Additionally, the PS3, as well as other applications that will use the Cell, will take advantage of the CPU's "self healing" capability. "Self-healing computers will be programmed not to go down," Doherty said. "Bus and processor areas are automatically corrected using a new meshed era redundancy technology."

When contacted, IBM did not comment on its collaboration with Sony on the PS3, but reiterated its earlier announcement made last year about its Cell plans.

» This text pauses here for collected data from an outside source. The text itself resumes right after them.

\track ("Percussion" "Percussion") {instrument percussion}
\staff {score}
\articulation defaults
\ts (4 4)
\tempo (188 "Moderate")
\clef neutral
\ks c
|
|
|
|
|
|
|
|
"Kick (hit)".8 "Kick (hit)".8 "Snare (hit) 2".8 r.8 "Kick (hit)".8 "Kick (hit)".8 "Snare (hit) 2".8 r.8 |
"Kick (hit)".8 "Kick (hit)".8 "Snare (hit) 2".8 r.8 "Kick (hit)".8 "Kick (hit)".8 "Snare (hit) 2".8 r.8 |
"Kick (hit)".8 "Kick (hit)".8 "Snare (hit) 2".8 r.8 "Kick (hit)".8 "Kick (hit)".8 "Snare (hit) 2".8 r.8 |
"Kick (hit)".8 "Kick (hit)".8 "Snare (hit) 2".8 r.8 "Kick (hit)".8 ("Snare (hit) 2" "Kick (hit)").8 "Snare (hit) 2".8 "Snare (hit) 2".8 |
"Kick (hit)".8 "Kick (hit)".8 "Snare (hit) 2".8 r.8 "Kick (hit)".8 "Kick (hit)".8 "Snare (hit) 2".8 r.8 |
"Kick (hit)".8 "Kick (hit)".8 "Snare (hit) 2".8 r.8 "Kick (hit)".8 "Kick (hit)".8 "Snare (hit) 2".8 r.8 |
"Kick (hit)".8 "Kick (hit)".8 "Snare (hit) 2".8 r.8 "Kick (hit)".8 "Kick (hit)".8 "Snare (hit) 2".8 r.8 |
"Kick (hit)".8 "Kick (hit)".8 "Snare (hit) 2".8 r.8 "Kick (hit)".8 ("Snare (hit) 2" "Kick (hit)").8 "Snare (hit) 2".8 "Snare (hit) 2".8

Then, IBM said it had entered into a $400 million partnership to develop "a new breed of microprocessor for next-generation communications and consumer multimedia applications."

The three-way development deal, which involves equal financial commitments from IBM, Sony Corp., and Toshiba Corp., is largely carried out at an IBM design center in Austin, Texas. Under the agreement, IBM has licensed its silicon-on-insulator (SOI) process technology to Sony.